What is the difference between Fourier series and Fourier transformation?
The Fourier series is used to represent a periodic function by a discrete sum of complex exponentials, while the Fourier transform is then used to represent a general, nonperiodic function by a continuous superposition or integral of complex exponentials. The Fourier transform can be viewed as the limit of the Fourier series of a function with the period approaches to infinity, so the limits of integration change from one period to $(-\infty,\infty)$.
In a classical approach it would not be possible to use the Fourier transform for a periodic function which cannot be in $\mathbb{L}_1(-\infty,\infty)$. The use of generalized functions, however, frees us of that restriction and makes it possible to look at the Fourier transform of a periodic function. It can be shown that the Fourier series coefficients of a periodic function are sampled values of the Fourier transform of one period of the function.
Fourier transform and Fourier series are two manifestations of a similar idea, namely, to write general functions as "superpositions" (whether integrals or sums) of some special class of functions. Exponentials $x\rightarrow e^{itx}$ (or, equivalently, expressing the same thing in sines and cosines via Euler's identity $e^{iy}=\cos y+i\sin y$) have the virtue that they are eigenfunctions for differentiation, that is, differentiation just multiplies them: ${d\over dx}e^{itx}=it\cdot e^{itx}$. This makes exponentials very convenient for solving differential equations, for example.
A periodic function provably can be expressed as a "discrete" superposition of exponentials, that is, a sum. A non-periodic, but decaying, function does not admit an expression as discrete superposition of exponentials, but only a continuous superposition, namely, the integral that shows up in Fourier inversion for Fourier transforms.
In both case, there are several technical points that must be addressed, somewhat different in the two situations, but the issues are very similar in spirit.
Fourier transform is used to transform periodic and non-periodic signals from time domain to frequency domain.
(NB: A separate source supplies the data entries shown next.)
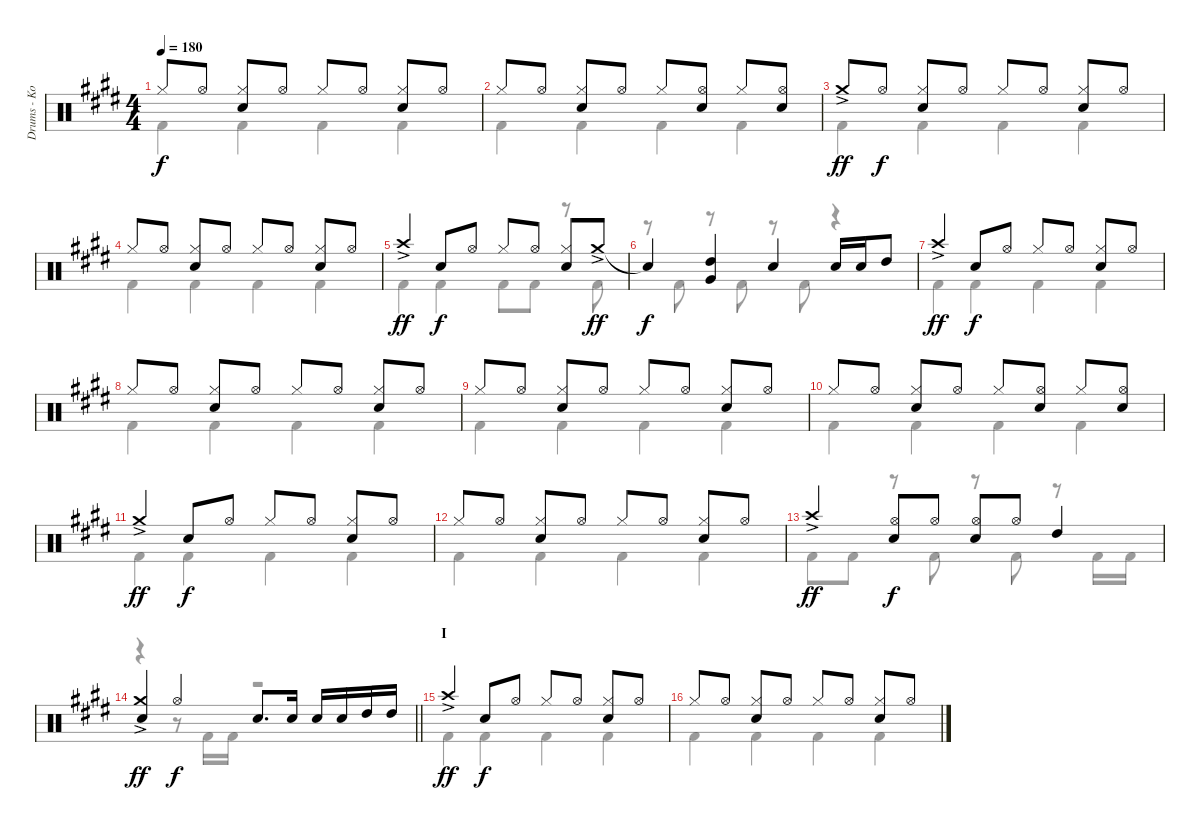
\track ("Drums - Ko-Ki" "Drums - Ko") {instrument percussion}
\staff {score}
\articulation defaults
\voice
\ts (4 4)
\tempo 180
\clef neutral
\ks e "Hi-Hat (closed)".8{dy f} "Hi-Hat (open)".8
("Hi-Hat (closed)" "Snare (hit) 2").8 "Hi-Hat (open)".8 "Hi-Hat (closed)".8 "Hi-Hat (open)".8 ("Hi-Hat (closed)" "Snare (hit) 2").8 "Hi-Hat (open)".8 |
"Hi-Hat (closed)".8 "Hi-Hat (open)".8 ("Hi-Hat (closed)" "Snare (hit) 2").8 "Hi-Hat (open)".8 "Hi-Hat (closed)".8 ("Hi-Hat (open)" "Snare (hit) 2").8 "Hi-Hat (closed)".8 ("Hi-Hat (open)" "Snare (hit) 2").8 |
"Crash medium (hit)"{ac}.8{dy ff} "Hi-Hat (open)".8{dy f} ("Hi-Hat (closed)" "Snare (hit) 2").8 "Hi-Hat (open)".8 "Hi-Hat (closed)".8 "Hi-Hat (open)".8 ("Hi-Hat (closed)" "Snare (hit) 2").8 "Hi-Hat (open)".8 |
"Hi-Hat (closed)".8 "Hi-Hat (open)".8 ("Hi-Hat (closed)" "Snare (hit) 2").8 "Hi-Hat (open)".8 "Hi-Hat (closed)".8 "Hi-Hat (open)".8 ("Hi-Hat (closed)" "Snare (hit) 2").8 "Hi-Hat (open)".8 |
"Crash high (hit)"{ac}.4{dy ff} "Snare (hit) 2".8{dy f} "Hi-Hat (open)".8 "Hi-Hat (closed)".8 "Hi-Hat (open)".8 ("Hi-Hat (closed)" "Snare (hit) 2").8 "Crash medium (hit)"{ac}.8{dy ff} |
"Snare (hit)"{t}.4{dy f} ("High Tom (hit)" "Very Low Tom (hit)").4 "Snare (hit) 2".4 "Snare (hit) 2".16 "Snare (hit) 2".16 "High Tom (hit)".8 |
"Crash high (hit)"{ac}.4{dy ff} "Snare (hit) 2".8{dy f} "Hi-Hat (open)".8 "Hi-Hat (closed)".8 "Hi-Hat (open)".8 ("Hi-Hat (closed)" "Snare (hit) 2").8 "Hi-Hat (open)".8 |
"Hi-Hat (closed)".8 "Hi-Hat (open)".8 ("Hi-Hat (closed)" "Snare (hit) 2").8 "Hi-Hat (open)".8 "Hi-Hat (closed)".8 "Hi-Hat (open)".8 ("Hi-Hat (closed)" "Snare (hit) 2").8 "Hi-Hat (open)".8 |
"Hi-Hat (closed)".8 "Hi-Hat (open)".8 ("Hi-Hat (closed)" "Snare (hit) 2").8 "Hi-Hat (open)".8 "Hi-Hat (closed)".8 "Hi-Hat (open)".8 ("Hi-Hat (closed)" "Snare (hit) 2").8 "Hi-Hat (open)".8 |
"Hi-Hat (closed)".8 "Hi-Hat (open)".8 ("Hi-Hat (closed)" "Snare (hit) 2").8 "Hi-Hat (open)".8 "Hi-Hat (closed)".8 ("Hi-Hat (open)" "Snare (hit) 2").8 "Hi-Hat (closed)".8 ("Hi-Hat (open)" "Snare (hit) 2").8 |
"Crash medium (hit)"{ac}.4{dy ff} "Snare (hit) 2".8{dy f} "Hi-Hat (open)".8 "Hi-Hat (closed)".8 "Hi-Hat (open)".8 ("Hi-Hat (closed)" "Snare (hit) 2").8 "Hi-Hat (open)".8 |
"Hi-Hat (closed)".8 "Hi-Hat (open)".8 ("Hi-Hat (closed)" "Snare (hit) 2").8 "Hi-Hat (open)".8 "Hi-Hat (closed)".8 "Hi-Hat (open)".8 ("Hi-Hat (closed)" "Snare (hit) 2").8 "Hi-Hat (open)".8 |
"Crash high (hit)"{ac}.4{dy ff} ("Hi-Hat (open)" "Snare (hit) 2").8{dy f} "Hi-Hat (open)".8 ("Hi-Hat (open)" "Snare (hit) 2").8 "Hi-Hat (open)".8 "High Tom (hit)".4 |
\barLineRight lightlight
("Crash medium (hit)"{ac} "Snare (hit) 2").4{dy ff} "Hi-Hat (open)".4{dy f} "Snare (hit) 2".8{d} "Snare (hit) 2".16 "Snare (hit) 2".16 "Snare (hit) 2".16 "High Tom (hit)".16 "High Tom (hit)".16 |
\section ("" "I")
"Crash high (hit)"{ac}.4{dy ff} "Snare (hit) 2".8{dy f} "Hi-Hat (open)".8 "Hi-Hat (closed)".8 "Hi-Hat (open)".8 ("Hi-Hat (closed)" "Snare (hit) 2").8 "Hi-Hat (open)".8 |
"Hi-Hat (closed)".8 "Hi-Hat (open)".8 ("Hi-Hat (closed)" "Snare (hit) 2").8 "Hi-Hat (open)".8 "Hi-Hat (closed)".8 "Hi-Hat (open)".8 ("Hi-Hat (closed)" "Snare (hit) 2").8 "Hi-Hat (open)".8
\voice
\clef neutral
\ottava regular
\simile none
\ks e "Kick (hit) 2".4{dy f} "Kick (hit) 2".4 "Kick (hit) 2".4 "Kick (hit) 2".4
|
"Kick (hit) 2".4 "Kick (hit) 2".4 "Kick (hit) 2".4 "Kick (hit) 2".4 |
"Kick (hit) 2".4 "Kick (hit) 2".4 "Kick (hit) 2".4 "Kick (hit) 2".4 |
"Kick (hit) 2".4 "Kick (hit) 2".4 "Kick (hit) 2".4 "Kick (hit) 2".4 |
"Kick (hit) 2".4 "Kick (hit) 2".4 "Kick (hit) 2".8 "Kick (hit) 2".8 r.8 "Kick (hit) 2".8 |
r.8 "Kick (hit) 2".8 r.8 "Kick (hit) 2".8 r.8 "Kick (hit) 2".8 r.4 |
"Kick (hit) 2".4 "Kick (hit) 2".4 "Kick (hit) 2".4 "Kick (hit) 2".4 |
"Kick (hit) 2".4 "Kick (hit) 2".4 "Kick (hit) 2".4 "Kick (hit) 2".4 |
"Kick (hit) 2".4 "Kick (hit) 2".4 "Kick (hit) 2".4 "Kick (hit) 2".4 |
"Kick (hit) 2".4 "Kick (hit) 2".4 "Kick (hit) 2".4 "Kick (hit) 2".4 |
"Kick (hit) 2".4 "Kick (hit) 2".4 "Kick (hit) 2".4 "Kick (hit) 2".4 |
"Kick (hit) 2".4 "Kick (hit) 2".4 "Kick (hit) 2".4 "Kick (hit) 2".4 |
"Kick (hit) 2".8 "Kick (hit) 2".8 r.8 "Kick (hit) 2".8 r.8 "Kick (hit) 2".8 r.8 "Kick (hit) 2".16 "Kick (hit) 2".16 |
\barLineRight lightlight
r.4 r.8 "Kick (hit) 2".16 "Kick (hit) 2".16 r.2 |
"Kick (hit) 2".4 "Kick (hit) 2".4 "Kick (hit) 2".4 "Kick (hit) 2".4 |
"Kick (hit) 2".4 "Kick (hit) 2".4 "Kick (hit) 2".4 "Kick (hit) 2".4

It can also transform Fourier series into the frequency domain, as Fourier series is nothing but a simplified form of time domain periodic function.
Fourier series
Periodic function => converts into a discrete exponential or sine and cosine function.
Non-periodic function => not applicable
Fourier transform
Periodic function => converts its Fourier series in the frequency domain.
non-Periodic function => converts it into continuous frequency domain.